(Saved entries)
=== Begin Enclosure ===
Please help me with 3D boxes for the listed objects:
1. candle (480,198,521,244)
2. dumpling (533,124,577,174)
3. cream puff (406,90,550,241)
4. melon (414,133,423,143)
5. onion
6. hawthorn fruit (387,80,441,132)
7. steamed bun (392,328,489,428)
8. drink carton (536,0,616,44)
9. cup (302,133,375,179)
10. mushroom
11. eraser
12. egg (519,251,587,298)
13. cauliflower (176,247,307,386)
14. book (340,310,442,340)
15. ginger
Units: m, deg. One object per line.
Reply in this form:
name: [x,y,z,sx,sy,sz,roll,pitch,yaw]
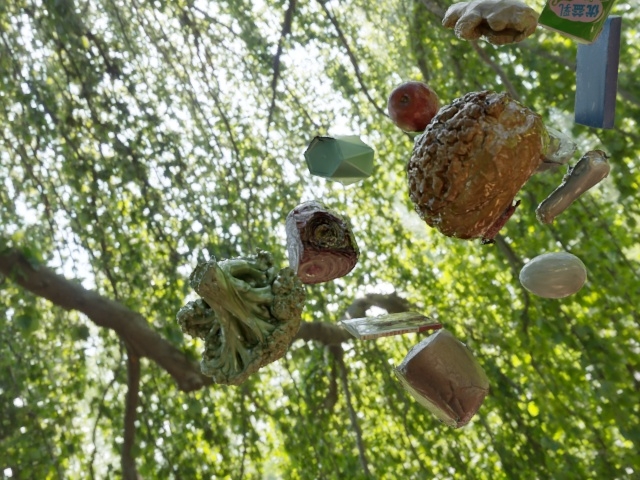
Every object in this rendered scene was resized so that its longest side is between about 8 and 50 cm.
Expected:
candle: [0.549,-0.061,1.824,0.084,0.059,0.302,10,-29,1]
dumpling: [0.669,-0.297,1.843,0.227,0.243,0.175,-48,-17,-31]
cream puff: [0.313,-0.168,1.218,0.343,0.231,0.327,-46,-12,-52]
melon: [0.400,-0.303,1.977,0.323,0.196,0.124,11,-86,-72]
onion: [0.005,-0.001,1.716,0.207,0.206,0.216,0,-32,-19]
hawthorn fruit: [0.302,-0.442,1.898,0.173,0.173,0.173,-24,-23,-11]
steamed bun: [0.343,0.366,1.589,0.199,0.251,0.301,-47,-13,-12]
drink carton: [0.686,-0.653,1.475,0.108,0.161,0.271,-37,-29,-63]
cup: [0.050,-0.222,1.547,0.134,0.148,0.235,8,6,19]
mushroom: [0.765,-0.160,1.760,0.278,0.099,0.096,-48,-1,13]
eraser: [0.799,-0.484,1.678,0.042,0.144,0.312,-10,-69,-9]
egg: [0.746,0.112,1.864,0.209,0.151,0.151,-4,-24,-1]
cauliflower: [-0.189,0.144,1.267,0.281,0.327,0.260,37,-48,-25]
book: [0.188,0.228,1.569,0.231,0.022,0.162,-5,6,-15]
ginger: [0.515,-0.692,1.885,0.236,0.375,0.166,-51,-61,-17]
=== End Enclosure ===
- _Work task_:
Output each line of the records above exactly, beginning at the first, and stop once the line containing "name: [x,y,z,sx,sy,sz,roll,pitch,yaw]" has been output.

- _Response_:
Please help me with 3D boxes for the listed objects:
1. candle (480,198,521,244)
2. dumpling (533,124,577,174)
3. cream puff (406,90,550,241)
4. melon (414,133,423,143)
5. onion
6. hawthorn fruit (387,80,441,132)
7. steamed bun (392,328,489,428)
8. drink carton (536,0,616,44)
9. cup (302,133,375,179)
10. mushroom
11. eraser
12. egg (519,251,587,298)
13. cauliflower (176,247,307,386)
14. book (340,310,442,340)
15. ginger
Units: m, deg. One object per line.
Reply in this form:
name: [x,y,z,sx,sy,sz,roll,pitch,yaw]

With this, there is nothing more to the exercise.